I have read some results about integrals of the form $$\int_D f(x,t)\,dt$$ for instance, the dominated convergence theorem and MCT. Also I see results for $F(x) = \int_0^\infty f(x,t)\,dt$ being continuous at $x_0$, provided $\int_0^t f(x,\eta)\,d\eta$ has a limit as $t \to \infty$ which is uniform in some open set around $x_0$. Also, under somewhat more stringent conditions, $\lim_{x\to\infty}\int_0^\infty f(x, \eta) \,d\eta = \int_0^\infty \lim_{x\to\infty} f(x, \eta) \,d\eta$. And of course if we fix $x_0$, of course $\int_0^t f(x_0,\eta)\,d\eta$ is continuous in $t$ by the continuity of the integral.
Suppose on the other hand we fix $t_0$. When is $F(x)=\int_0^{t_0} f(x,\eta)\,d\eta$ continuous at $x_0$? Since this should be easier than the improper integral mentioned above, it certainly seems strong enough that $f(x,\eta)$ converges uniformly as $t \to t_0$ in a neighborhood around $x_0$. But can we get by with less?
Is it then an easy extension to show when $$F(x,t)=\int_0^tf(x,\eta)\,d\eta,$$
is a continuous multivariable function of $(x,t)$? What restrictions do we need on $f(x, \eta)$?
I apologize if these are easy consequences of the other theorems, and I'm just not seeing it. Also I apologize if these are canonical results that I don't know. A google search didn't help me to answer these questions.

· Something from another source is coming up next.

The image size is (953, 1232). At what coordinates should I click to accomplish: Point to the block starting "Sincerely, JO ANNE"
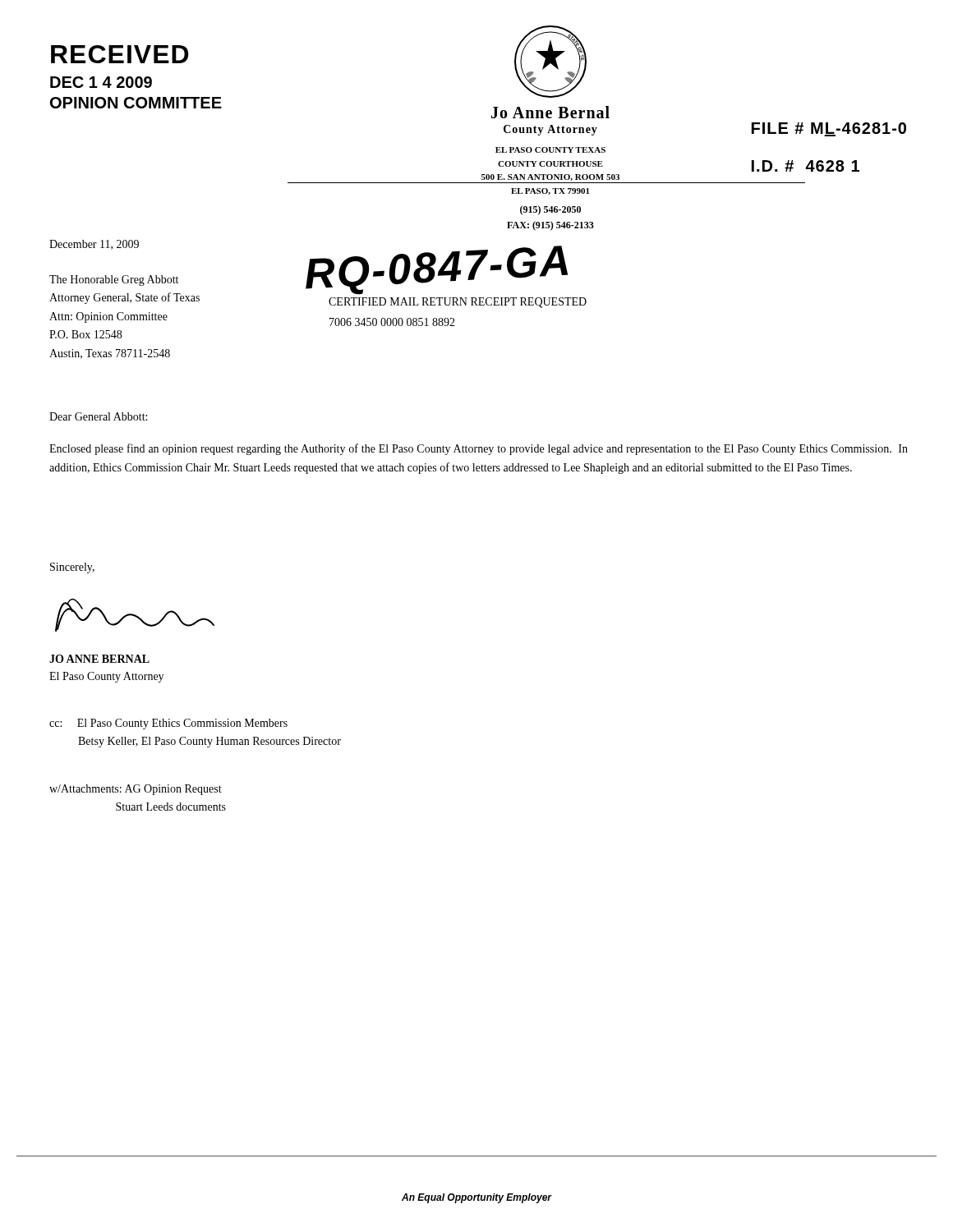[140, 622]

Assume that $f$ is defined on $X\times I$, where $X$ is a metric space and $I$ is an interval of $\mathbb R$ containing $0$. Here is a reasonably general set of conditions ensuring that the function $F$ is well-defined and continuous:
(o) $f(x,t)$ is measurable with respect to $t$, for each fixed $x\in X$;
(i) $f(x,t)$ is continuous with respect to $x$, for each fixed $t\in I$;
(ii) for any compact set $K\subset X$ and any compact interval $J\subset I$, there is an integrable function $g:J\to \mathbb R_+$ such that $\vert f(x,\eta)\vert\leq g(\eta)$ whenever $(x,\eta)\in K\times J$
Note that these conditions are satisfied if $f(x,t)$ is continuous wrt $x$ and $f$ is locally bounded on $X\times I$; in particular, this holds if $f$ is $jointly$ continuous on $X\times I$.

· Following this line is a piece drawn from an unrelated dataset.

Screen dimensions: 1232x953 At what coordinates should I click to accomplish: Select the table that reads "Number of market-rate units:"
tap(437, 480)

Conditions (o) and (ii) with $K=\{ x\}$ and $J=[0,t]$ implies that $F(x,t)$ is well-defined for any $(x,t)$.
To check continuity at some given point $(x,t)$, let us fix a sequence $(x_n,t_n)\subset X\times I$ converging to $(x,t)$. Then $K=\{ x\}\cup \{ x_n;\; n\in\mathbb N\}$ is a compact subset of $X$, and one can find a compact interval $J\subset I$ containing $\{ t\}\cup\{ t_n;\; n\in\mathbb N\}\cup\{ 0\}$. Let $g:J\to\mathbb R_+$ be chosen according to (ii). Assuming for example $t_n\geq t$, one can write \begin{eqnarray*} \left\vert F(x_n,t_n)-F(x,t)\right\vert&=&\left\vert \int_0^{t_n} f(x_n,\eta)\, d\eta-\int_0^t f(x,\eta)\, d\eta\right\vert\\ &=&\left\vert \int_t^{t_n} f(x_n,\eta)\, d\eta+\int_0^t \left(f(x_n,\eta)-f(x,\eta) \right)\, d\eta\right\vert\\ &\leq& \int_t^{t_n} g(\eta)\, d\eta +\int_J \vert f(x_n,\eta)-f(x,\eta) \vert\, d\eta \end{eqnarray*}
The second integral in the right-hand side goes to $0$ by (i) the dominated convergence theorem; and the first one as well by dominated convergence again, because it can be written as $\int_J \mathbb 1_{(t,t_n)}(\eta)g(\eta)\, d\eta$. This shows that $F$ is continuous at $(x,t)$.